9-10A. IN YOUR COURT

(a) In cases where no valid contract exists, quasi-contractual remedies may be


allowed to prevent the unjust enrichment of one person at the expense of another.
This problem is based on the case of Artukovich & Sons, Inc. v. Reliance Truck Co.,
126 Ariz. 246, 614 P.2d 327 (1980). In that case, the court held that to allow
Reliance to use Artukovich’s crane without compensating Artukovich would be
inequitable because it would unjustly enrich Reliance at Artukovich’s expense.
Thus, a quasi contract was imposed on the parties so that Allied could recover
damages from Crosstown.

(b) In the actual case, under the equitable doctrine of quasi contract, Reliance
was held liable to Artukovich for the reasonable rental value of Reliance’s use of the
crane.

(c) The most significant difference between the two cases is that in Industrial
Lift Truck Service Corp. v. Mitsubishi International Corp., the parties had a contract,
which, as the court in the case noted, “defined the entire relationship of the parties
with respect to all matters related to [the] products” that were at the center of the
controversy. In the Allied problem, there was no contract between Allied and
Crosstown.

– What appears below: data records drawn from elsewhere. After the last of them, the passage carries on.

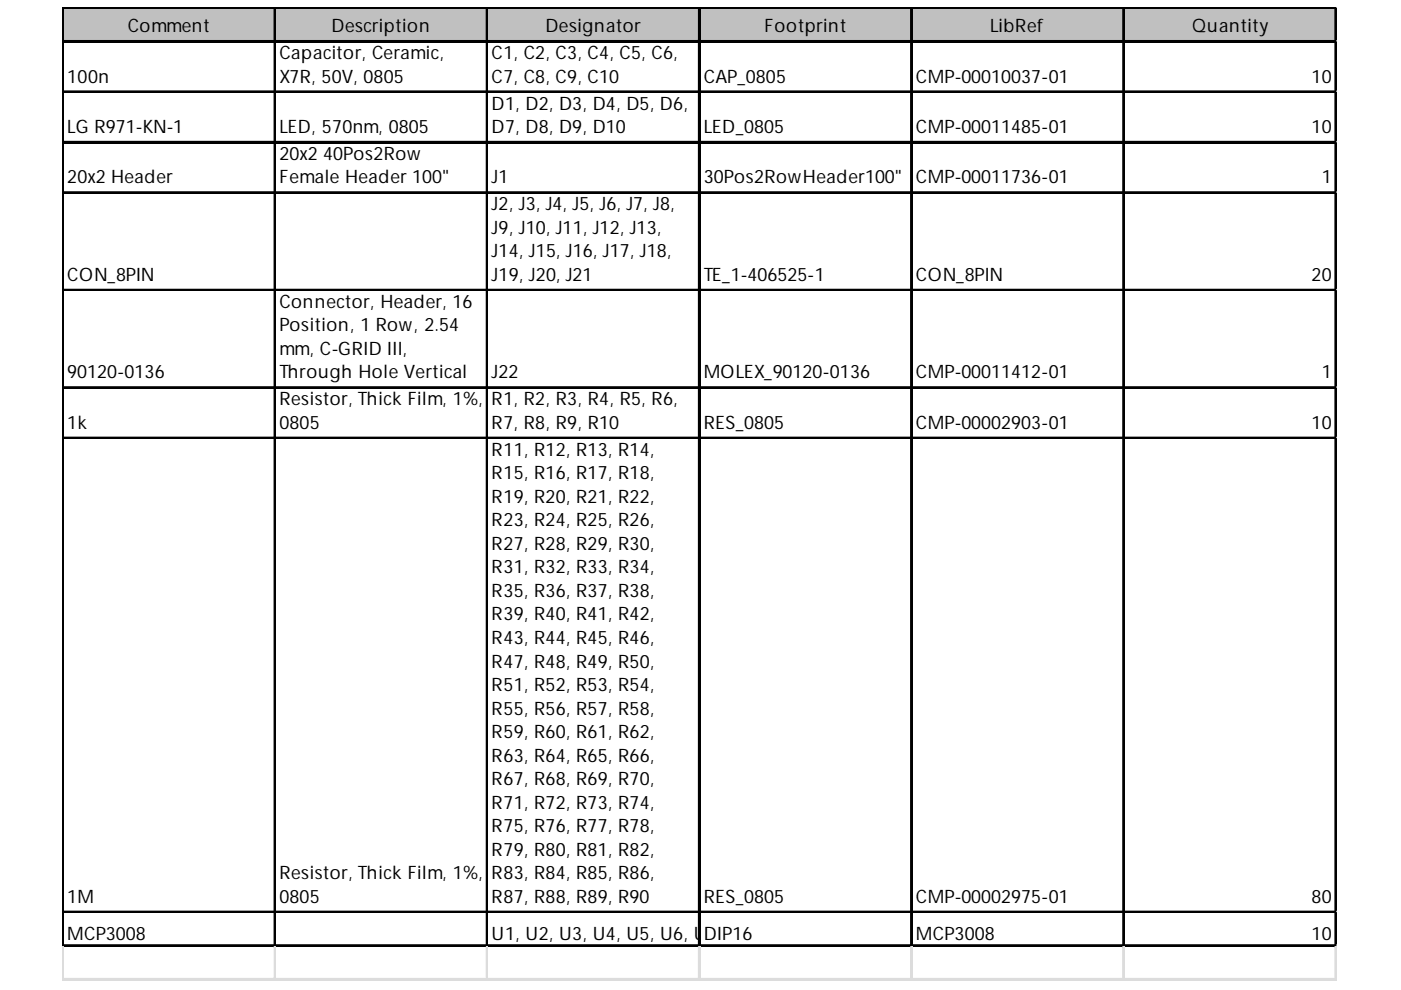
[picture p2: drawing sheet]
<svg xmlns="http://www.w3.org/2000/svg" width="297mm" height="210mm" viewBox="0 0 297 210" stroke-linecap="round" stroke-linejoin="round" font-family="sans-serif">
<defs><g id="words">
<g font-size="3.9">
<text x="27.1" y="6.8">Comment</text>
<text x="70.3" y="6.8">Description</text>
<text x="115.7" y="6.8">Designator</text>
<text x="162.1" y="6.8">Footprint</text>
<text x="209.9" y="6.8">LibRef</text>
<text x="252.7" y="6.8">Quantity</text>
<text x="14.3" y="17.5">100n</text>
<text x="59.2" y="12.5">Capacitor, Ceramic,</text>
<text x="59.2" y="17.5">X7R, 50V, 0805</text>
<text x="104.2" y="12.5">C1, C2, C3, C4, C5, C6,</text>
<text x="104.2" y="17.5">C7, C8, C9, C10</text>
<text x="149.2" y="17.5">CAP_0805</text>
<text x="194.2" y="17.5">CMP-00010037-01</text>
<text x="278.1" y="17.5">10</text>
<text x="104.2" y="23.2">D1, D2, D3, D4, D5, D6,</text>
<text x="14.3" y="28.2">LG R971-KN-1</text>
<text x="59.2" y="28.2">LED, 570nm, 0805</text>
<text x="104.2" y="28.2">D7, D8, D9, D10</text>
<text x="149.2" y="28.2">LED_0805</text>
<text x="194.2" y="28.2">CMP-00011485-01</text>
<text x="278.1" y="28.2">10</text>
<text x="59.2" y="33.9">20x2 40Pos2Row</text>
<text x="14.3" y="38.9">20x2 Header</text>
<text x="59.2" y="38.9">Female Header 100&quot;</text>
<text x="104.2" y="38.9">J1</text>
<text x="149.2" y="38.9">30Pos2RowHeader100&quot;</text>
<text x="194.2" y="38.9">CMP-00011736-01</text>
<text x="280.2" y="38.9">1</text>
<text x="104.2" y="44.6">J2, J3, J4, J5, J6, J7, J8,</text>
<text x="104.2" y="49.6">J9, J10, J11, J12, J13,</text>
<text x="14.3" y="59.6">CON_8PIN</text>
<text x="104.2" y="54.6">J14, J15, J16, J17, J18,</text>
<text x="104.2" y="59.6">J19, J20, J21</text>
<text x="149.2" y="59.6">TE_1-406525-1</text>
<text x="194.2" y="59.6">CON_8PIN</text>
<text x="278.1" y="59.6">20</text>
<text x="59.2" y="65.3">Connector, Header, 16</text>
<text x="59.2" y="70.3">Position, 1 Row, 2.54</text>
<text x="59.2" y="75.2">mm, C-GRID III,</text>
<text x="14.3" y="80.2">90120-0136</text>
<text x="59.2" y="80.2">Through Hole Vertical</text>
<text x="104.2" y="80.2">J22</text>
<text x="149.2" y="80.2">MOLEX_90120-0136</text>
<text x="194.2" y="80.2">CMP-00011412-01</text>
<text x="280.2" y="80.2">1</text>
<text x="59.2" y="85.9">Resistor, Thick Film, 1%,</text>
<text x="104.2" y="85.9">R1, R2, R3, R4, R5, R6,</text>
<text x="14.3" y="90.9">1k</text>
<text x="59.2" y="90.9">0805</text>
<text x="104.2" y="90.9">R7, R8, R9, R10</text>
<text x="149.2" y="90.9">RES_0805</text>
<text x="194.2" y="90.9">CMP-00002903-01</text>
<text x="278.1" y="90.9">10</text>
<text x="104.2" y="96.6">R11, R12, R13, R14,</text>
<text x="104.2" y="101.6">R15, R16, R17, R18,</text>
<text x="104.2" y="106.6">R19, R20, R21, R22,</text>
<text x="104.2" y="111.6">R23, R24, R25, R26,</text>
<text x="104.2" y="116.6">R27, R28, R29, R30,</text>
<text x="104.2" y="121.6">R31, R32, R33, R34,</text>
<text x="104.2" y="126.6">R35, R36, R37, R38,</text>
<text x="104.2" y="131.6">R39, R40, R41, R42,</text>
<text x="104.2" y="136.5">R43, R44, R45, R46,</text>
<text x="104.2" y="141.5">R47, R48, R49, R50,</text>
<text x="104.2" y="146.5">R51, R52, R53, R54,</text>
<text x="104.2" y="151.5">R55, R56, R57, R58,</text>
<text x="104.2" y="156.5">R59, R60, R61, R62,</text>
<text x="104.2" y="161.5">R63, R64, R65, R66,</text>
<text x="104.2" y="166.5">R67, R68, R69, R70,</text>
<text x="104.2" y="171.5">R71, R72, R73, R74,</text>
<text x="104.2" y="176.5">R75, R76, R77, R78,</text>
<text x="104.2" y="181.4">R79, R80, R81, R82,</text>
<text x="14.3" y="191.4">1M</text>
<text x="59.2" y="186.4">Resistor, Thick Film, 1%,</text>
<text x="59.2" y="191.4">0805</text>
<text x="104.2" y="186.4">R83, R84, R85, R86,</text>
<text x="104.2" y="191.4">R87, R88, R89, R90</text>
<text x="149.2" y="191.4">RES_0805</text>
<text x="194.2" y="191.4">CMP-00002975-01</text>
<text x="278.1" y="191.4">80</text>
<text x="14.3" y="199.3">MCP3008</text>
<text x="104.2" y="199.3">U1, U2, U3, U4, U5, U6, UDIP16 U9, U10</text>
<text x="149.8" y="199.3">7, U8,</text>
<text x="194.2" y="199.3">MCP3008</text>
<text x="278.1" y="199.3">10</text>
</g>
</g></defs>
<path d="M13.5 1.8h270v7.2h-270z" fill="#c0c0c0"/>
<g fill="none" stroke="#000" stroke-width=".36">
<path d="M13.2 1.5v199.2M13.4 1.5v199.2M13.6 1.5h269.9M13.6 1.7h269.9M13.6 8.7h269.9M13.6 8.8h269.9M13.6 19.3h269.9M13.6 19.5h269.9M58.2 1.9v198.8M58.4 1.9v198.8M103.2 1.9v198.8M103.3 1.9v198.8"/>
<path d="M148.1 1.9v198.8M148.3 1.9v198.8M193.1 1.9v198.8M193.3 1.9v198.8M238.1 1.9v198.8M238.3 1.9v198.8M283.1 1.9v198.8M283.3 1.9v198.8M13.6 30h269.9M13.6 30.2h269.9M13.6 40.7h269.9M13.6 40.9h269.9"/>
<path d="M13.6 61.4h269.9M13.6 61.6h269.9M13.6 82.1h269.9M13.6 82.2h269.9M13.6 92.8h269.9M13.6 92.9h269.9M13.6 193.3h269.9M13.6 193.4h269.9M13.6 200.4h269.9M13.6 200.6h269.9"/>
</g>
<g fill="none" stroke="#dadcdd" stroke-width=".36">
<path d="M283.5 1.5h.1M13.2 200.7v7.2M13.4 200.7v7.2M58.2 200.7v7.2M58.4 200.7v7.2M103.2 200.7v7.2M103.3 200.7v7.2M148.1 200.7v7.2M148.3 200.7v7.2M193.1 200.7v7.2M193.3 200.7v7.2M238.1 200.7v7.2"/>
<path d="M238.3 200.7v7.2M283.1 200.7v7.2M283.3 200.7v7.2"/>
</g>
<path d="M283.5 1.5v.4z" fill="#dadcdd"/>
<path d="M283.5 8.7h.1" fill="none" stroke="#dadcdd" stroke-width=".36"/>
<path d="M283.5 8.7v.3z" fill="#dadcdd"/>
<path d="M283.5 19.3h.1" fill="none" stroke="#dadcdd" stroke-width=".36"/>
<path d="M283.5 19.3v.4z" fill="#dadcdd"/>
<path d="M283.5 30h.1" fill="none" stroke="#dadcdd" stroke-width=".36"/>
<path d="M283.5 30v.4z" fill="#dadcdd"/>
<path d="M283.5 40.7h.1" fill="none" stroke="#dadcdd" stroke-width=".36"/>
<path d="M283.5 40.7v.4z" fill="#dadcdd"/>
<path d="M283.5 61.4h.1" fill="none" stroke="#dadcdd" stroke-width=".36"/>
<path d="M283.5 61.4v.4z" fill="#dadcdd"/>
<path d="M283.5 82.1h.1" fill="none" stroke="#dadcdd" stroke-width=".36"/>
<path d="M283.5 82.1v.3z" fill="#dadcdd"/>
<path d="M283.5 92.8h.1" fill="none" stroke="#dadcdd" stroke-width=".36"/>
<path d="M283.5 92.8v.3z" fill="#dadcdd"/>
<path d="M283.5 193.3h.1" fill="none" stroke="#dadcdd" stroke-width=".36"/>
<path d="M283.5 193.3v.3z" fill="#dadcdd"/>
<path d="M283.5 200.4h.1" fill="none" stroke="#dadcdd" stroke-width=".36"/>
<path d="M283.5 200.4v.3z" fill="#dadcdd"/>
<path d="M13.2 207.5h270.3M13.2 207.7h270.3" fill="none" stroke="#dadcdd" stroke-width=".36"/>
<use href="#words"/>
</svg>

Other differences between the cases include the presence, in the Allied
problem, of a third party, Borman, who leased the crane from Allied and contracted
with Crosstown. In the Industrial Lift Truck case, the only third parties were
anonymous buyers. In the Allied problem, Crosstown used the crane for its own
purposes, which were contrary to Allied’s ownership. In the Industrial Lift Truck
case, the buyer “used” the products by altering them to further the buyer’s and the
seller’s purpose (to sell more trucks).